The present invention relates to the stabilization of a gimbaled pointing mirror and, in particular, to a simplified and accurate system therefor.
It is important to stabilize a pointing mirror against angular base motions with respect to an inertial reference, such as a field of view, especially when the pointing mirror is mounted on a moving vehicle. Movements imparted to the vehicle are transmitted to the mirror through rotations about any or all of the x, y, and z or i, j, and k axes.
Prior stabilized pointing mirror designs utilized two rate-integrating, single-degree-of-freedom gyroscopes, which were attached to a separately gimbaled reference inertia. While operating adequately to stabilize the mirror, these prior designs required a relatively large number of mechanical parts, which both increased the complexity and cost of the pointing mirror system. In addition, as the number of electrical and mechanical parts increased, the possibility of error also increased, thereby decreasing its pointing accuracy.

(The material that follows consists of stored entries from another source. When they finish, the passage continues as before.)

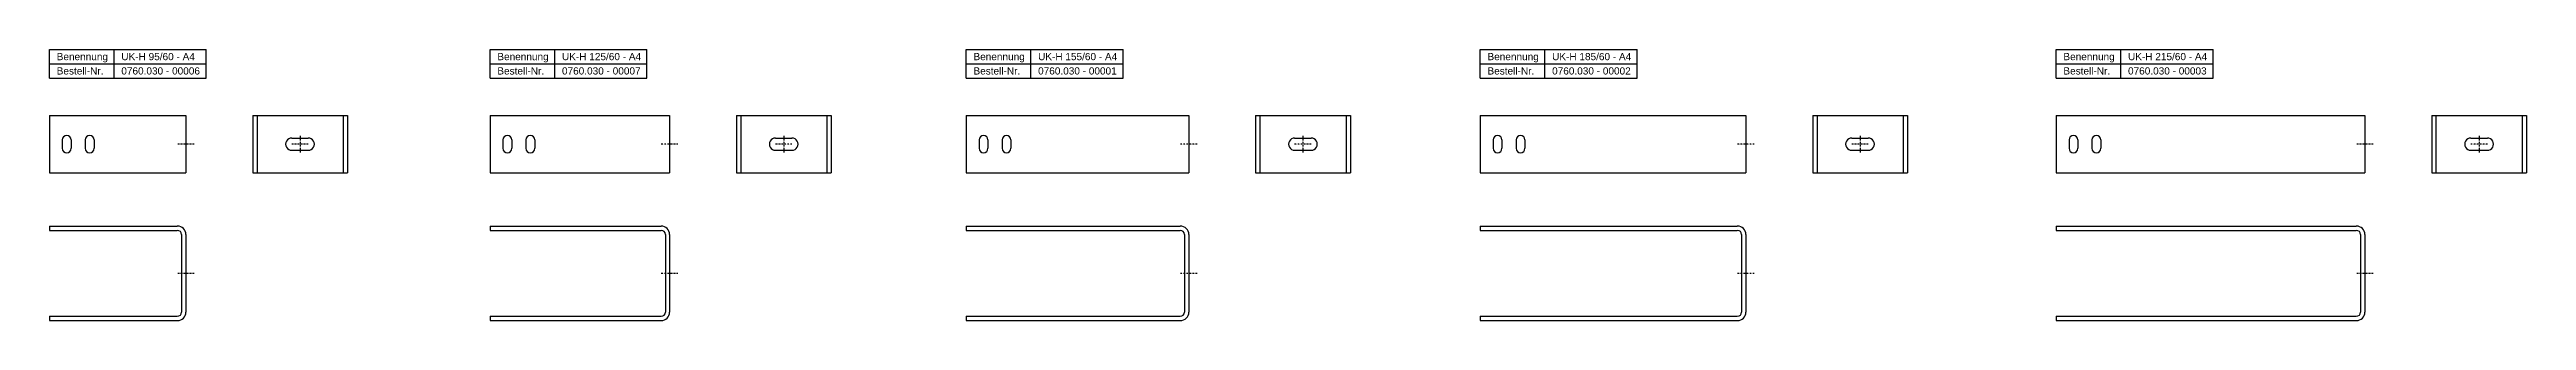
# Model space of a CAD drawing. Header units: inches. Extents: x 35 to 2736, y 37 to 227.
# Drawn here: x 35 to 1760, y 37 to 227 of the extents above; entities that cross this region are included whole.
import ezdxf

# ---------------------------------------------------------------- set-up
doc = ezdxf.new("R2010")
doc.units = ezdxf.units.IN
doc.header["$LTSCALE"] = 4
doc.header["$MEASUREMENT"] = 0
doc.linetypes.add('STRICHPUNKT2', pattern=[0.5, 0.25, -0.125, 0, -0.125])
doc.layers.add('Halfen', color=2, linetype='Continuous')
doc.styles.add('ARIAL50', font='ARIAL.TTF', dxfattribs={"height": 5})

msp = doc.modelspace()

# ---------------------------------------------------------------- linework, layer by layer
at = {"layer": 'Halfen'}
for p, q in [((34.8, 206.7), (34.8, 226.7)), ((34.8, 226.7), (144, 226.7)), ((79.8, 206.7), (79.8, 226.7)), ((144, 206.7), (144, 226.7)), ((341.7, 206.7), (341.7, 226.7)), ((341.7, 226.7), (450.9, 226.7)), ((386.7, 206.7), (386.7, 226.7)), ((450.9, 206.7), (450.9, 226.7)), ((673.3, 206.7), (673.3, 226.7)), ((673.3, 226.7), (782.5, 226.7)), ((718.3, 206.7), (718.3, 226.7)), ((782.5, 206.7), (782.5, 226.7)), ((1031.3, 206.7), (1031.3, 226.7)), ((1031.3, 226.7), (1140.5, 226.7)), ((1076.3, 206.7), (1076.3, 226.7)), ((1140.5, 206.7), (1140.5, 226.7)), ((1432.4, 206.7), (1432.4, 226.7)), ((1432.4, 226.7), (1541.6, 226.7)), ((1477.4, 206.7), (1477.4, 226.7)), ((1541.6, 206.7), (1541.6, 226.7)), ((34.8, 216.7), (144, 216.7)), ((341.7, 216.7), (450.9, 216.7)), ((673.3, 216.7), (782.5, 216.7)), ((1031.3, 216.7), (1140.5, 216.7)), ((1432.4, 216.7), (1541.6, 216.7)), ((34.8, 206.7), (144, 206.7)), ((341.7, 206.7), (450.9, 206.7)), ((673.3, 206.7), (782.5, 206.7)), ((1031.3, 206.7), (1140.5, 206.7)), ((1432.4, 206.7), (1541.6, 206.7)), ((34.8, 180.6), (34.8, 140.6)), ((34.8, 180.6), (129.8, 180.6)), ((129.8, 180.6), (129.8, 140.6)), ((176.3, 180.6), (176.3, 140.6)), ((176.3, 180.6), (242.3, 180.6)), ((179.3, 180.6), (179.3, 140.6)), ((239.3, 180.6), (239.3, 140.6)), ((242.3, 180.6), (242.3, 140.6)), ((341.7, 180.6), (341.7, 140.6)), ((341.7, 180.6), (466.7, 180.6)), ((466.7, 180.6), (466.7, 140.6)), ((513.2, 180.6), (513.2, 140.6)), ((513.2, 180.6), (579.2, 180.6)), ((516.2, 180.6), (516.2, 140.6)), ((576.2, 180.6), (576.2, 140.6)), ((579.2, 180.6), (579.2, 140.6)), ((673.3, 180.6), (673.3, 140.6)), ((673.3, 180.6), (828.3, 180.6)), ((828.3, 180.6), (828.3, 140.6)), ((874.8, 180.6), (874.8, 140.6)), ((874.8, 180.6), (940.8, 180.6)), ((877.8, 180.6), (877.8, 140.6)), ((937.8, 180.6), (937.8, 140.6)), ((940.8, 180.6), (940.8, 140.6)), ((1031.3, 180.6), (1031.3, 140.6)), ((1031.3, 180.6), (1216.3, 180.6)), ((1216.3, 180.6), (1216.3, 140.6)), ((1262.8, 180.6), (1262.8, 140.6)), ((1262.8, 180.6), (1328.8, 180.6)), ((1265.8, 180.6), (1265.8, 140.6)), ((1325.8, 180.6), (1325.8, 140.6)), ((1328.8, 180.6), (1328.8, 140.6)), ((1432.4, 180.6), (1432.4, 140.6)), ((1432.4, 180.6), (1647.4, 180.6)), ((1647.4, 180.6), (1647.4, 140.6)), ((1693.9, 180.6), (1693.9, 140.6)), ((1693.9, 180.6), (1759.9, 180.6)), ((1696.9, 180.6), (1696.9, 140.6)), ((1756.9, 180.6), (1756.9, 140.6)), ((1759.9, 180.6), (1759.9, 140.6)), ((43.7, 163.5), (43.7, 157.7)), ((49.9, 163.5), (49.9, 157.7)), ((59.7, 163.5), (59.7, 157.7)), ((65.9, 163.5), (65.9, 157.7)), ((203.5, 164.8), (215, 164.8)), ((203.5, 156.3), (215, 156.3)), ((350.6, 163.5), (350.6, 157.7)), ((356.8, 163.5), (356.8, 157.7)), ((366.6, 163.5), (366.6, 157.7)), ((372.8, 163.5), (372.8, 157.7)), ((540.4, 164.8), (551.9, 164.8)), ((540.4, 156.3), (551.9, 156.3)), ((682.2, 163.5), (682.2, 157.7)), ((688.4, 163.5), (688.4, 157.7)), ((698.2, 163.5), (698.2, 157.7)), ((704.4, 163.5), (704.4, 157.7)), ((902, 164.8), (913.5, 164.8)), ((902, 156.3), (913.5, 156.3)), ((1040.2, 163.5), (1040.2, 157.7)), ((1046.4, 163.5), (1046.4, 157.7)), ((1056.2, 163.5), (1056.2, 157.7)), ((1062.4, 163.5), (1062.4, 157.7)), ((1290, 164.8), (1301.5, 164.8)), ((1290, 156.3), (1301.5, 156.3)), ((1441.3, 163.5), (1441.3, 157.7)), ((1447.5, 163.5), (1447.5, 157.7)), ((1457.3, 163.5), (1457.3, 157.7)), ((1463.5, 163.5), (1463.5, 157.7)), ((1721.2, 164.8), (1732.7, 164.8)), ((1721.2, 156.3), (1732.7, 156.3)), ((34.8, 140.6), (129.8, 140.6)), ((176.3, 140.6), (242.3, 140.6)), ((341.7, 140.6), (466.7, 140.6)), ((513.2, 140.6), (579.2, 140.6)), ((673.3, 140.6), (828.3, 140.6)), ((874.8, 140.6), (940.8, 140.6)), ((1031.3, 140.6), (1216.3, 140.6)), ((1262.8, 140.6), (1328.8, 140.6)), ((1432.4, 140.6), (1647.4, 140.6)), ((1693.9, 140.6), (1759.9, 140.6)), ((34.8, 103.4), (123.8, 103.4)), ((34.8, 103.4), (34.8, 100.4)), ((34.8, 100.4), (123.8, 100.4)), ((126.8, 97.4), (126.8, 43.4)), ((129.8, 97.4), (129.8, 43.4)), ((341.7, 103.4), (460.7, 103.4)), ((341.7, 103.4), (341.7, 100.4)), ((341.7, 100.4), (460.7, 100.4)), ((463.7, 97.4), (463.7, 43.4)), ((466.7, 97.4), (466.7, 43.4)), ((673.3, 103.4), (822.3, 103.4)), ((673.3, 103.4), (673.3, 100.4)), ((673.3, 100.4), (822.3, 100.4)), ((825.3, 97.4), (825.3, 43.4)), ((828.3, 97.4), (828.3, 43.4)), ((1031.3, 103.4), (1210.3, 103.4)), ((1031.3, 103.4), (1031.3, 100.4)), ((1031.3, 100.4), (1210.3, 100.4)), ((1213.3, 97.4), (1213.3, 43.4)), ((1216.3, 97.4), (1216.3, 43.4)), ((1432.4, 103.4), (1641.4, 103.4)), ((1432.4, 103.4), (1432.4, 100.4)), ((1432.4, 100.4), (1641.4, 100.4)), ((1644.4, 97.4), (1644.4, 43.4)), ((1647.4, 97.4), (1647.4, 43.4)), ((34.8, 40.4), (123.8, 40.4)), ((34.8, 40.4), (34.8, 37.4)), ((34.8, 37.4), (123.8, 37.4)), ((341.7, 40.4), (460.7, 40.4)), ((341.7, 40.4), (341.7, 37.4)), ((341.7, 37.4), (460.7, 37.4)), ((673.3, 40.4), (822.3, 40.4)), ((673.3, 40.4), (673.3, 37.4)), ((673.3, 37.4), (822.3, 37.4)), ((1031.3, 40.4), (1210.3, 40.4)), ((1031.3, 40.4), (1031.3, 37.4)), ((1031.3, 37.4), (1210.3, 37.4)), ((1432.4, 40.4), (1641.4, 40.4)), ((1432.4, 40.4), (1432.4, 37.4)), ((1432.4, 37.4), (1641.4, 37.4))]:
    msp.add_line(p, q, dxfattribs=at)
at = {"layer": 'Halfen', "color": 1, "linetype": 'STRICHPUNKT2'}
for p, q in [((135.6, 160.6), (124.1, 160.6)), ((215, 160.6), (203.5, 160.6)), ((209.3, 166.3), (209.3, 154.8)), ((472.4, 160.6), (460.9, 160.6)), ((551.9, 160.6), (540.4, 160.6)), ((546.2, 166.3), (546.2, 154.8)), ((834, 160.6), (822.5, 160.6)), ((913.5, 160.6), (902, 160.6)), ((907.8, 166.3), (907.8, 154.8)), ((1222, 160.6), (1210.5, 160.6)), ((1301.5, 160.6), (1290, 160.6)), ((1295.8, 166.3), (1295.8, 154.8)), ((1653.2, 160.6), (1641.7, 160.6)), ((1732.7, 160.6), (1721.2, 160.6)), ((1726.9, 166.3), (1726.9, 154.8)), ((135.6, 70.4), (124.1, 70.4)), ((472.4, 70.4), (460.9, 70.4)), ((834, 70.4), (822.5, 70.4)), ((1222, 70.4), (1210.5, 70.4)), ((1653.2, 70.4), (1641.7, 70.4))]:
    msp.add_line(p, q, dxfattribs=at)
at = {"layer": 'Halfen'}
for centre, radius, start, end in [((46.8, 163.5), 3.1, 0, 180), ((46.8, 157.7), 3.1, 180, 0), ((62.8, 163.5), 3.1, 0, 180), ((62.8, 157.7), 3.1, 180, 0), ((203.5, 160.6), 4.25, 89.9978, 270), ((215, 160.6), 4.25, 270, 90.0022), ((353.7, 163.5), 3.1, 0, 180), ((353.7, 157.7), 3.1, 180, 0), ((369.7, 163.5), 3.1, 0, 180), ((369.7, 157.7), 3.1, 180, 0), ((540.4, 160.6), 4.25, 89.9978, 270), ((551.9, 160.6), 4.25, 270, 90.0022), ((685.3, 163.5), 3.1, 0, 180), ((685.3, 157.7), 3.1, 180, 0), ((701.3, 163.5), 3.1, 0, 180), ((701.3, 157.7), 3.1, 180, 0), ((902, 160.6), 4.25, 89.9978, 270), ((913.5, 160.6), 4.25, 270, 90.0022), ((1043.3, 163.5), 3.1, 0, 180), ((1043.3, 157.7), 3.1, 180, 0), ((1059.3, 163.5), 3.1, 0, 180), ((1059.3, 157.7), 3.1, 180, 0), ((1290, 160.6), 4.25, 89.9978, 270), ((1301.5, 160.6), 4.25, 270, 90.0022), ((1444.4, 163.5), 3.1, 0, 180), ((1444.4, 157.7), 3.1, 180, 0), ((1460.4, 163.5), 3.1, 0, 180), ((1460.4, 157.7), 3.1, 180, 0), ((1721.2, 160.6), 4.25, 89.9978, 270), ((1732.7, 160.6), 4.25, 270, 90.0022), ((123.8, 97.4), 6, 0, 90), ((123.8, 97.4), 3, 0, 90), ((460.7, 97.4), 6, 0, 90), ((460.7, 97.4), 3, 0, 90), ((822.3, 97.4), 6, 0, 90), ((822.3, 97.4), 3, 0, 90), ((1210.3, 97.4), 6, 0, 90), ((1210.3, 97.4), 3, 0, 90), ((1641.4, 97.4), 6, 0, 90), ((1641.4, 97.4), 3, 0, 90), ((123.8, 43.4), 3, 270, 0), ((123.8, 43.4), 6, 270, 0), ((460.7, 43.4), 3, 270, 0), ((460.7, 43.4), 6, 270, 0), ((822.3, 43.4), 3, 270, 0), ((822.3, 43.4), 6, 270, 0), ((1210.3, 43.4), 3, 270, 0), ((1210.3, 43.4), 6, 270, 0), ((1641.4, 43.4), 3, 270, 0), ((1641.4, 43.4), 6, 270, 0)]:
    msp.add_arc(centre, radius, start, end, dxfattribs=at)

# ---------------------------------------------------------------- texts
at = {"layer": 'Halfen', "style": 'ARIAL50'}
for s, p in [('UK-H 95/60 - A4', (84.8, 219.2)), ('UK-H 125/60 - A4', (391.7, 219.2)), ('UK-H 155/60 - A4', (723.3, 219.2)), ('UK-H 185/60 - A4', (1081.3, 219.2)), ('UK-H 215/60 - A4', (1482.4, 219.2)), ('Benennung', (39.8, 219.2)), ('Bestell-Nr.', (39.8, 209.2)), ('0760.030 - 00006', (84.8, 209.2)), ('Benennung', (346.7, 219.2)), ('Bestell-Nr.', (346.7, 209.2)), ('0760.030 - 00007', (391.7, 209.2)), ('Benennung', (678.3, 219.2)), ('Bestell-Nr.', (678.3, 209.2)), ('0760.030 - 00001', (723.3, 209.2)), ('Benennung', (1036.3, 219.2)), ('Bestell-Nr.', (1036.3, 209.2)), ('0760.030 - 00002', (1081.3, 209.2)), ('Benennung', (1437.4, 219.2)), ('Bestell-Nr.', (1437.4, 209.2)), ('0760.030 - 00003', (1482.4, 209.2))]:
    msp.add_text(s, height=5, dxfattribs=at).set_placement(p)

doc.saveas('drawing.dxf')

Such prior systems are exemplified in "The Infrared Handbook" by Wolfe and Zissis, editors, prepared by the Infrared Information and Analysis (IRIA) Center, Environmental Research Institute of Michigan for the Office of Naval Research, Department of the Navy, Washington, D.C., First Edition 1978, Revised Edition 1985, in Chapter 22 entitled "Tracking Systems" pages 22-1 et seq., specifically, pages 22-9 and 22-10. There, the pointing mirror is secured mechanically by belts or bands to a balanced inertia band drive and a gyroscopically stabilized reference. When either or both of the balanced inertia band drive and gyroscopically stabilized reference are balanced, the mirror is balanced. However, that structure is mechanically and electronically complex, entails additional structure which prevents attainment of high bandwidth control or closure of the electro-mechanical loop from the mirror to the electronics and back to the mirror. As is known, the higher the bandwidth, the higher the frequencies that can be attenuated. However, as stated above, as the mechanical parts become more complex, it becomes more difficult to get stable loop closure. The problem is primarily in the mechanics which do not have sufficient structural integrity, that is, the ability to respond to input demands, which detracts from stable loop closure and results in oscillation of the mirror.